Political correctness and multiculturalism have wrought and continue to wreak havoc in our universities and in government. Anti-racists parade their credentials everywhere, but not one of them will ever be seen to condemn Arab and Islamic anti-Semitism. Movements for the establishment or re-establishment of nationalities, from Sri Lanka to Ireland tell us that every people, however small, has right to its own homeland; but the Jews are denied that same right.
During World War II, there was never any doubt where one's loyalties lay. Apart from a few self-serving individuals, like Oswald Mosley and Lord Haw Haw, everyone knew who the enemy was. When bombs were falling every night on British cities, it was hard for anyone's moral compass to swing far off north.
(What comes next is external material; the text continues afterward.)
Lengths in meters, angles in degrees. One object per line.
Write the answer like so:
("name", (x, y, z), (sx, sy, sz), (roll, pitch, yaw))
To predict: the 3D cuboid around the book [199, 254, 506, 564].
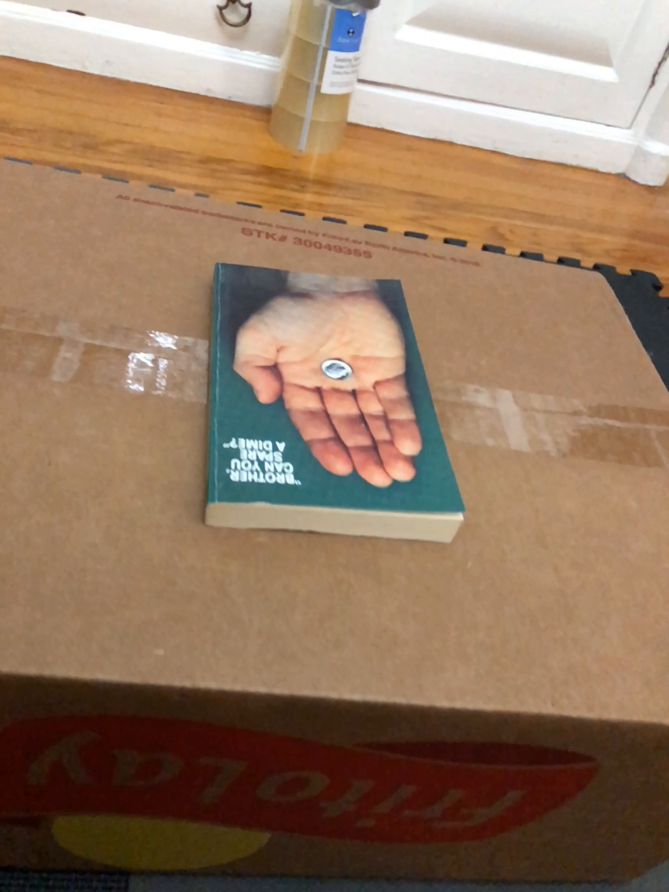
("book", (0.000, -0.027, 0.354), (0.120, 0.020, 0.181), (5, 45, -13))

The more we knew about the Reich, the more obvious it was that we could not afford to lose the war, because Hitler was a Dark Lord who would enslave or kill us.
And that's the puzzling thing. The Israeli-Palestinian conflict isn't going on in someone's backyard. It's out there for everyone to see. Hamas rockets fell on Sderot, and any visiting journalist (if any had cared to visit) could have been there when they landed. But when Israel moved in to stop the barrages after many years, the world seemed not to know of any provocation and portrayed Operation Cast Lead as an unprovoked attack. All the photographs and film of destruction in Gaza made the front pages and TV screens; but there were no shots of the Gaza that had not been harmed. We all know about this, about this dishonest reporting that is more interested in keeping wounds open than in telling the truth.
But aren't these the same reporters who have been in Jerusalem or Tel Aviv in the aftermath of a terrorist attack? Don't they look at the walls in Gaza and the West Bank and see the posters making heroes of young people suborned into killing Jews? Don't they ask themselves, who hero-worships a murderer? What mother sends her children to die in this way, and hands out sweets afterwards? Desperation? Devotion to Palestine? Or simply evil? Not the mother, perhaps. But the men (and women) who send children out with bombs round their waists and who put remote controls in the package so they can detonate the vest should the child have second thoughts. Why should anyone experience a moment's hesitation in calling such people evil?
Frodo carried the ring of power to the Crack of Doom, and Gollum's greed finally carried it into the depths of the mountain, where it was destroyed and Sauron's power lost for ever. If only we had a ring like that and a Crack of Doom to throw it into. What we have instead is Israel itself. Whatever its flaws, it's a healthy country. It stands for values like democracy, freedom, human rights, and a balance between secularism and religion. Set beside its neighbours, it stands out. Good amidst evil may be overstating it. But it needs to be recognized for what it is: a land that promotes good and stands against evil.